• RECORD EXTRACTS:
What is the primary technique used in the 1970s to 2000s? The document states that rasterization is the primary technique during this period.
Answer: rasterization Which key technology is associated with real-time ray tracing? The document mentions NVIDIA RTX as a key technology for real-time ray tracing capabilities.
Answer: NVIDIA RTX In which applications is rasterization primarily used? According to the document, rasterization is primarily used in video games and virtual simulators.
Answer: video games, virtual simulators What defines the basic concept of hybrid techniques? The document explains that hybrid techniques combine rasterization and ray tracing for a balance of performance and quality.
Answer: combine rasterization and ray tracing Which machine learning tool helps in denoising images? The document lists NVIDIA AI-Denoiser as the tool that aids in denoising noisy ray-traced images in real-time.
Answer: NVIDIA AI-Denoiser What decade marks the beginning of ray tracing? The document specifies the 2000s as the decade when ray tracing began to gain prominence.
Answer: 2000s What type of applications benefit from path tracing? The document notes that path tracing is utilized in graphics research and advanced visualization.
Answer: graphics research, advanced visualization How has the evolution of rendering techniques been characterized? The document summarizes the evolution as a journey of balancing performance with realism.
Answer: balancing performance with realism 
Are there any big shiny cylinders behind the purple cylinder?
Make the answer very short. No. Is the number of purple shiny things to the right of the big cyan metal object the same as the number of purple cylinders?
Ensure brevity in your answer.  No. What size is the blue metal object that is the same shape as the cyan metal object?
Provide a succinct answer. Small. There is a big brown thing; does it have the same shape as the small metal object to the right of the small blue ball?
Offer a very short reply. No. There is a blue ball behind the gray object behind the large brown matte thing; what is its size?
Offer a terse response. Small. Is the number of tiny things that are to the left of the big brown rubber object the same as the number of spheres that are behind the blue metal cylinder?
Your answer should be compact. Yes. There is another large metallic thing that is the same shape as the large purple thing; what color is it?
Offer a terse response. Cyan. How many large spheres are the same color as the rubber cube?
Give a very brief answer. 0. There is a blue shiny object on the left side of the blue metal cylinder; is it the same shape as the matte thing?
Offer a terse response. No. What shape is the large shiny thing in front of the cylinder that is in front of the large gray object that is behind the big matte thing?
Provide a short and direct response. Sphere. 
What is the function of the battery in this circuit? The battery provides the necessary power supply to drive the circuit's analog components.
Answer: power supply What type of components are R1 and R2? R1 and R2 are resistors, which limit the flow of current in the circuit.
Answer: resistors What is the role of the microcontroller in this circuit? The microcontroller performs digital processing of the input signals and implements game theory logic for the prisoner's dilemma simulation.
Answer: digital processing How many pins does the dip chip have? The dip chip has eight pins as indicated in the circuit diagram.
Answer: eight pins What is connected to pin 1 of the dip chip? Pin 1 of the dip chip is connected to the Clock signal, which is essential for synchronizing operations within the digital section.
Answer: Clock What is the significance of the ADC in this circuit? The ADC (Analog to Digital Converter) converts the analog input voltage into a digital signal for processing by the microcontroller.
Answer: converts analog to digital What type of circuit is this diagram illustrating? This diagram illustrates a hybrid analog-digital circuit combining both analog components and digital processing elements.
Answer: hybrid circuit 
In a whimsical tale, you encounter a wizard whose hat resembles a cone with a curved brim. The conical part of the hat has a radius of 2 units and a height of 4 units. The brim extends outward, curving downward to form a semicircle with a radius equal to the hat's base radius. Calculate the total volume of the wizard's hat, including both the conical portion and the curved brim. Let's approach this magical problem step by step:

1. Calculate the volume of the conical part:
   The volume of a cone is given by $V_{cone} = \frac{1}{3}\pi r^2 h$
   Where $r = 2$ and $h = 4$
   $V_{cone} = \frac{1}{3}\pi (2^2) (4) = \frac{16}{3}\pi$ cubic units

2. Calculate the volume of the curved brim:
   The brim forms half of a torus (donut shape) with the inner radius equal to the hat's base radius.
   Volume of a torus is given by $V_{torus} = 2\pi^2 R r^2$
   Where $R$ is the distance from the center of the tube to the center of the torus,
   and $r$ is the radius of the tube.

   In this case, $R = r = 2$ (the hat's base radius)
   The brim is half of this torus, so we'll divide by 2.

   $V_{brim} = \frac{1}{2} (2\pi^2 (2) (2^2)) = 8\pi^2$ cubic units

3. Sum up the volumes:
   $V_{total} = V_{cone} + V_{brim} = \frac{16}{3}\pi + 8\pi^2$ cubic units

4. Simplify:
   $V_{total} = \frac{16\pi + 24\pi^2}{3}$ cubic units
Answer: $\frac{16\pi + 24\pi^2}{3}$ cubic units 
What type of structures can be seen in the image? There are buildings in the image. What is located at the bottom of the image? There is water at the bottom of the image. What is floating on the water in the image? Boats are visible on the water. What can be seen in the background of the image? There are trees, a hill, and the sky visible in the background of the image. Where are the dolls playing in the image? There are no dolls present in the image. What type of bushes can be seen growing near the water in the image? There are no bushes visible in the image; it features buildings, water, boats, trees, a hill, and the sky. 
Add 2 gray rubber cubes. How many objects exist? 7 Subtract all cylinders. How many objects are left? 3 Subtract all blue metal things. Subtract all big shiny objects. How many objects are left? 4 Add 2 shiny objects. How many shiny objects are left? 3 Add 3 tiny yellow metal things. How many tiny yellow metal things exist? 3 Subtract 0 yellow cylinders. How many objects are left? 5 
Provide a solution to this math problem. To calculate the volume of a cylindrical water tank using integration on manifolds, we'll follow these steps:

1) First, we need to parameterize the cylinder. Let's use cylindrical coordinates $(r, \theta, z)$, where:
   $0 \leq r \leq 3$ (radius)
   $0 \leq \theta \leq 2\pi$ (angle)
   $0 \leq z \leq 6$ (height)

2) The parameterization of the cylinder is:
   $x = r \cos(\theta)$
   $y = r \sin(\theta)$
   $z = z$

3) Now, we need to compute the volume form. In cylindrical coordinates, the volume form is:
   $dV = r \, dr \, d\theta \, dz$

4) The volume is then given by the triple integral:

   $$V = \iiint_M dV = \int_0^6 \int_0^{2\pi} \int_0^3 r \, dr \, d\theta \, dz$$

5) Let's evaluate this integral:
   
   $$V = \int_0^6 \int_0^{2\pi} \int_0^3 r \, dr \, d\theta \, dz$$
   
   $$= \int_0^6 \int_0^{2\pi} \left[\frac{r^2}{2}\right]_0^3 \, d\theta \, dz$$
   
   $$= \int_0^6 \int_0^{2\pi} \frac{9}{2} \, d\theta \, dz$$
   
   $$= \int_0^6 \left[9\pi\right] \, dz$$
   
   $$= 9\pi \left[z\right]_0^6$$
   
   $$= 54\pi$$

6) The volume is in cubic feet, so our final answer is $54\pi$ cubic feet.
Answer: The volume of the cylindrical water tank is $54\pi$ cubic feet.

• TASK PROMPT: Repeat, word for word, the lines from the opening of the material through the line containing "Answer: rasterization Which".

• WRITTEN SOLUTION:
What is the primary technique used in the 1970s to 2000s? The document states that rasterization is the primary technique during this period.
Answer: rasterization Which key technology is associated with real-time ray tracing? The document mentions NVIDIA RTX as a key technology for real-time ray tracing capabilities.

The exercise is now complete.